The Graduate School, Marquette University
- Type: Private, Graduate-level
- Affiliations: Catholic, Jesuit
- Dean: Dr. Douglas Woods
- Students: 3,056 (Fall 2016)
- Location: 1324 W. Wisconsin Ave, Milwaukee, WI, United States
- Campus: Urban;
- Website: marquette.edu/grad

= Marquette University Graduate School =

The Graduate School is one of the primary colleges at Marquette University, located in Milwaukee, Wisconsin. The college oversees an array of liberal arts, interdisciplinary, and applied and physical sciences programs at the graduate level, offering master's and doctoral degrees as well as graduate certificates. The Graduate School's offices are housed within Holthusen Hall, near the center of Marquette's campus.

==Academics==
The Graduate School offers 38 graduate programs across 20 degree types, primarily in liberal arts-related fields like the natural sciences, social and cultural sciences, philosophy and theology, but also in fields like neuroscience, dispute resolution and computational science. Degrees conferred upon graduates include Master of Arts, Master of Science, Master of Engineering, Master of Education, Master of Business Administration, Master of Science in Nursing, Doctor of Nursing Practice, Doctor of Philosophy (PhD), and several graduate certificate options.

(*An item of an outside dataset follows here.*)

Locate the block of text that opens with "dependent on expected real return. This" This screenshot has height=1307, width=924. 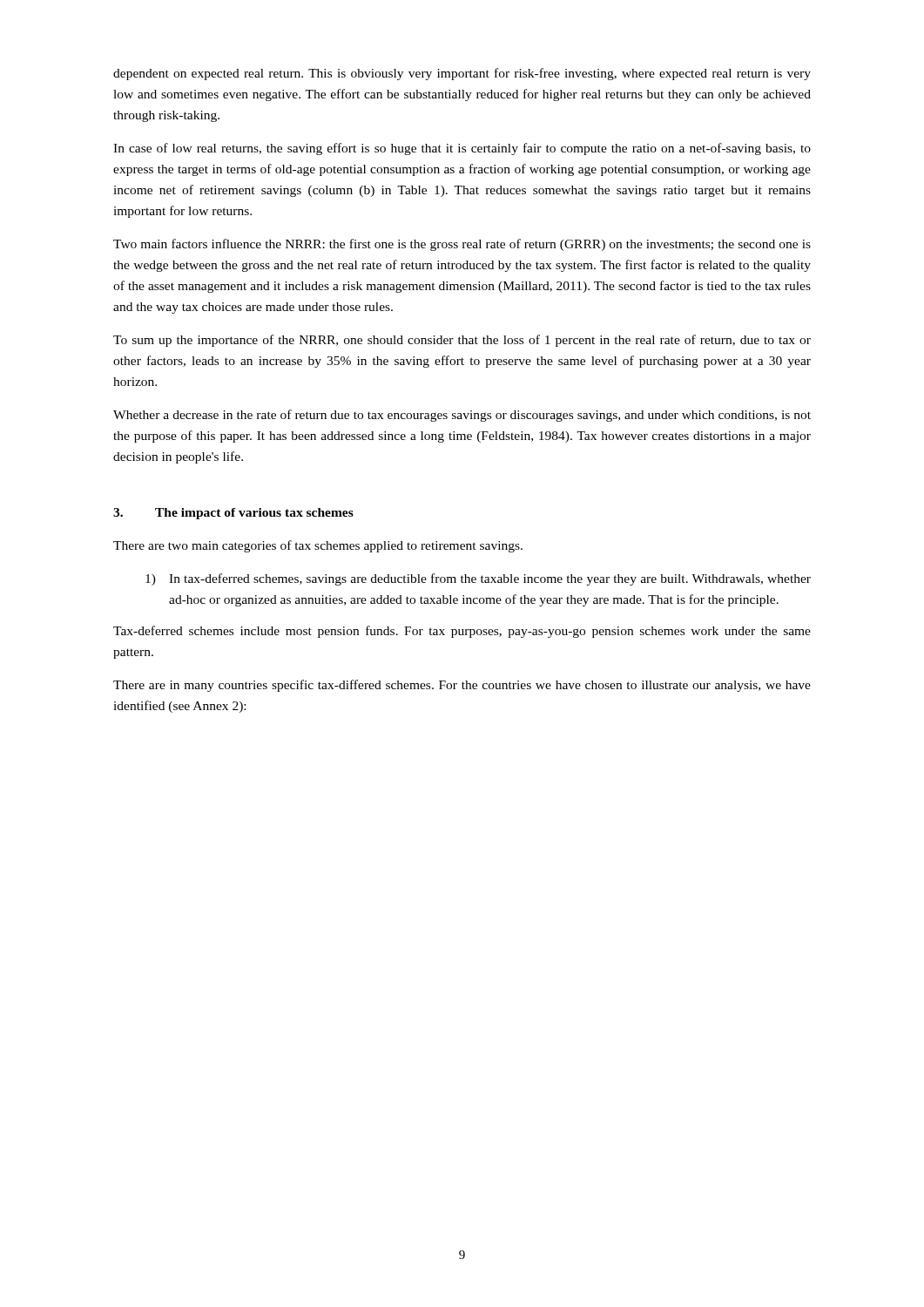point(462,94)
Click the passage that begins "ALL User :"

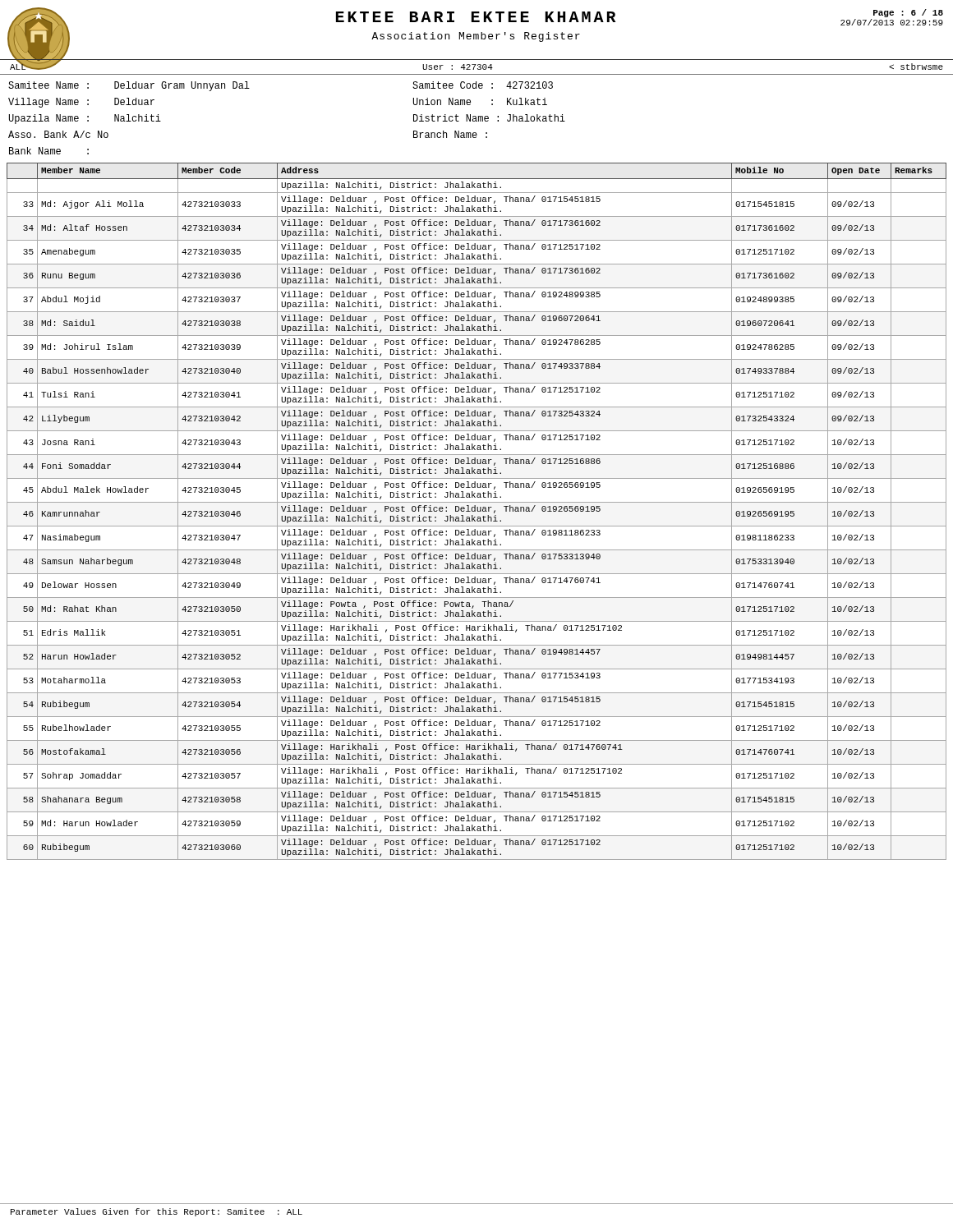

While Marquette does offer other post-baccalaureate degree programs, such as Doctor of Dental Surgery and Doctor of Physical Therapy programs, several of these degrees are managed and conferred upon graduates by separate schools and colleges, including the College of Health Sciences and School of Dentistry.

===Accreditation===
Marquette University as a whole is accredited by the North Central Association of Colleges and Secondary Schools, and the specific departments under the school's purview have multiple accreditation and licensing bodies for their various programs. For example, the psychology program is accredited by the American Psychological Association and the American Chemical Society has licensed Marquette's undergraduate and graduate degrees in chemistry, molecular biology, biochemistry, and Chemistry for the Professions.